Note: File three copies of this Form, one of which must be manually signed. If space is insufficient, see Instruction 6 for procedure.
Persons who respond to the collection of information contained in this form are not required to respond unless the form displays a currently valid OMB Number.

FAQ

What insider transaction did Globalstar (GSAT) report for Timothy Evan Taylor?

Globalstar reported that Timothy Evan Taylor received 1,310 shares of Voting Common Stock as a restricted stock award. The grant was part of his 2025 annual bonus and carried a price of $0.00 per share as equity-based compensation.

Was the Globalstar (GSAT) Form 4 a market purchase or a stock award?

The Form 4 reflects a stock award, not a market purchase.
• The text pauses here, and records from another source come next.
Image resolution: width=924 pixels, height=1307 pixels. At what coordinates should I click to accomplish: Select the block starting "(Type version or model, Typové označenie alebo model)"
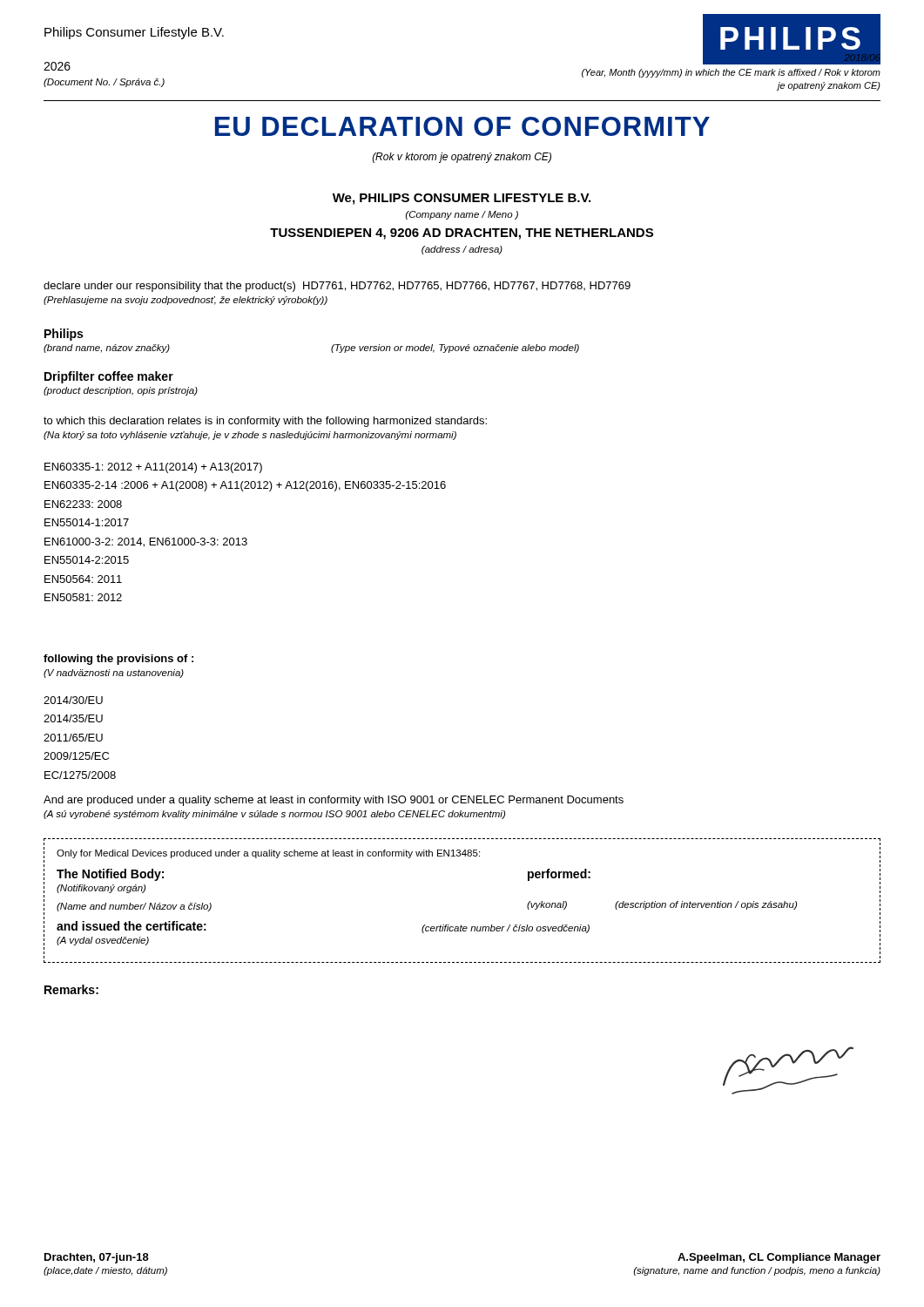click(x=455, y=348)
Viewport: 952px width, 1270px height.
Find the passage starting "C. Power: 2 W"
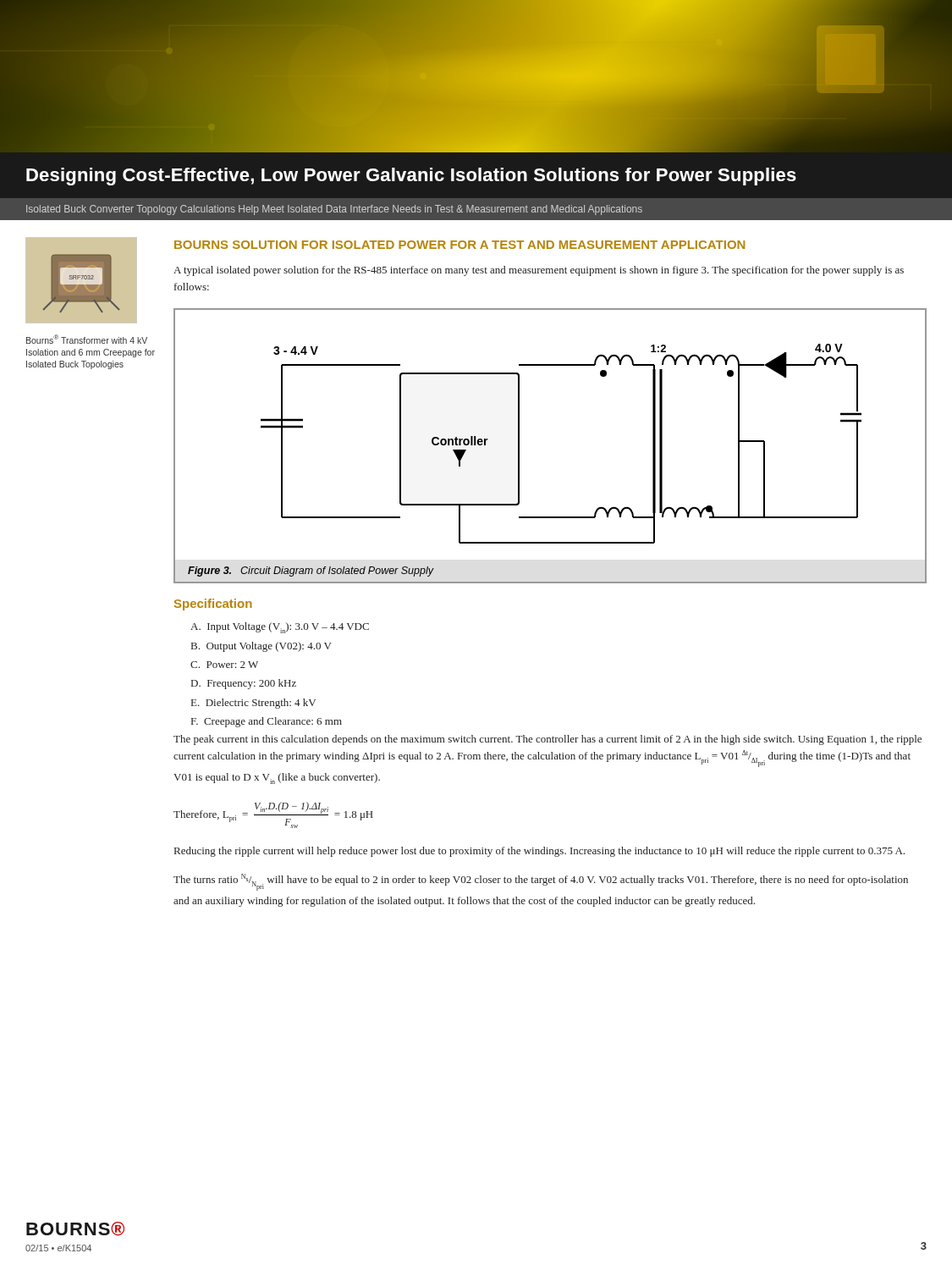coord(224,664)
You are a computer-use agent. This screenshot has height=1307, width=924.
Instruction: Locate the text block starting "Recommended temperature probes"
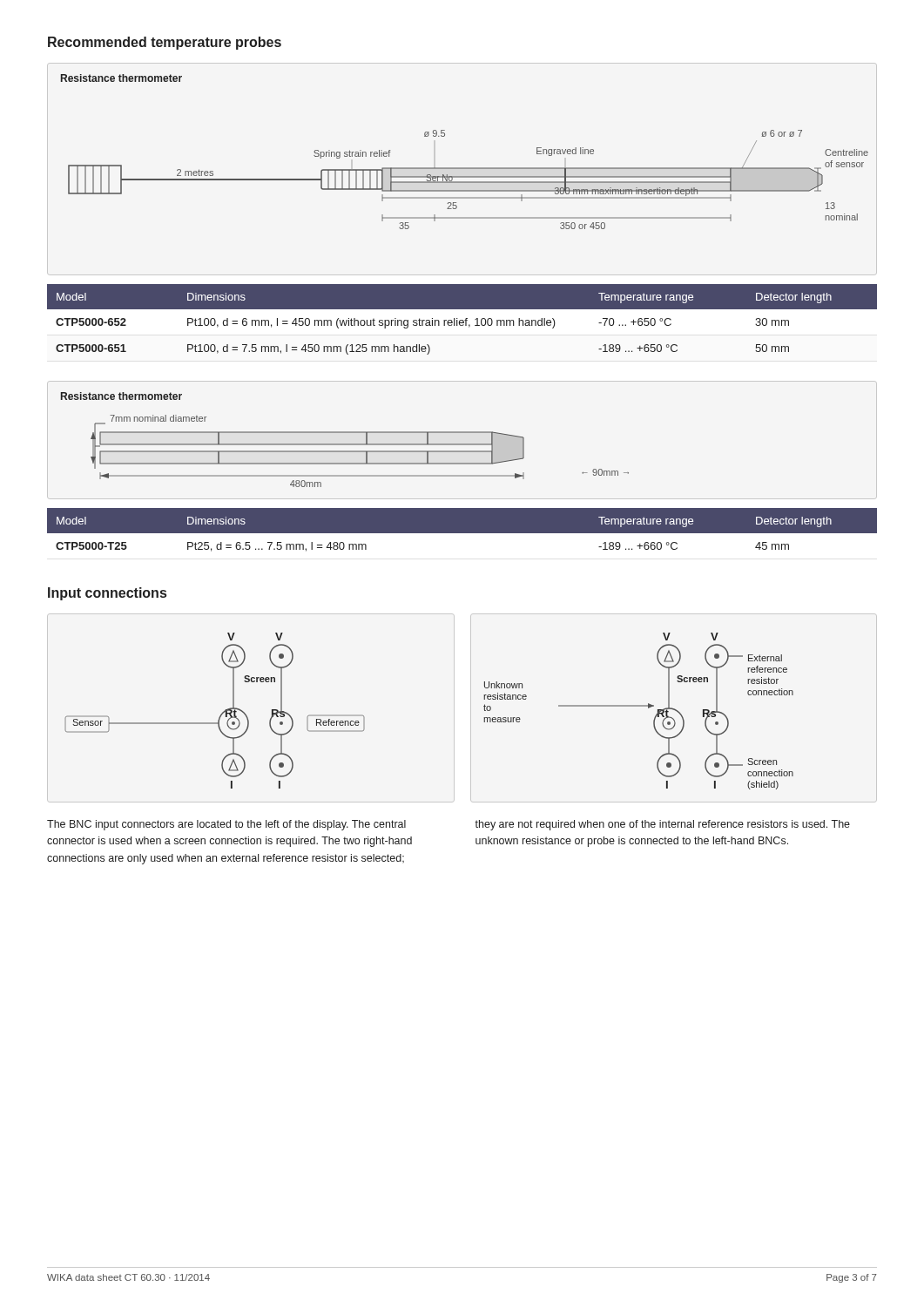pos(164,42)

Taylor received 1,310 restricted shares as partial payment of his 2025 bonus, with the shares vesting immediately upon grant, indicating a compensation-related equity grant rather than open-market buying.

How many Globalstar (GSAT) shares does Timothy Evan Taylor hold after this filing?

Following the reported award, Taylor directly holds 252,134 Globalstar common shares. The filing also shows an additional 320,244 shares held indirectly through Thermo Investments III, LLC, indicating both personal and entity-related holdings associated with him after the grant.

What does the footnote on the Globalstar (GSAT) Form 4 say about the stock grant?

The footnote explains the 1,310-share grant is restricted stock issued as partial payment of Taylor’s 2025 annual bonus. It further states that these shares vested immediately upon grant, meaning there is no remaining vesting schedule tied to this particular award.

What is the significance of Thermo Investments III, LLC in the Globalstar (GSAT) Form 4?

The filing lists 320,244 Globalstar shares held indirectly by Thermo Investments III, LLC. This indicates an additional ownership position associated with Taylor through that entity, separate from his 252,134 directly held shares, providing a fuller picture of his overall share exposure.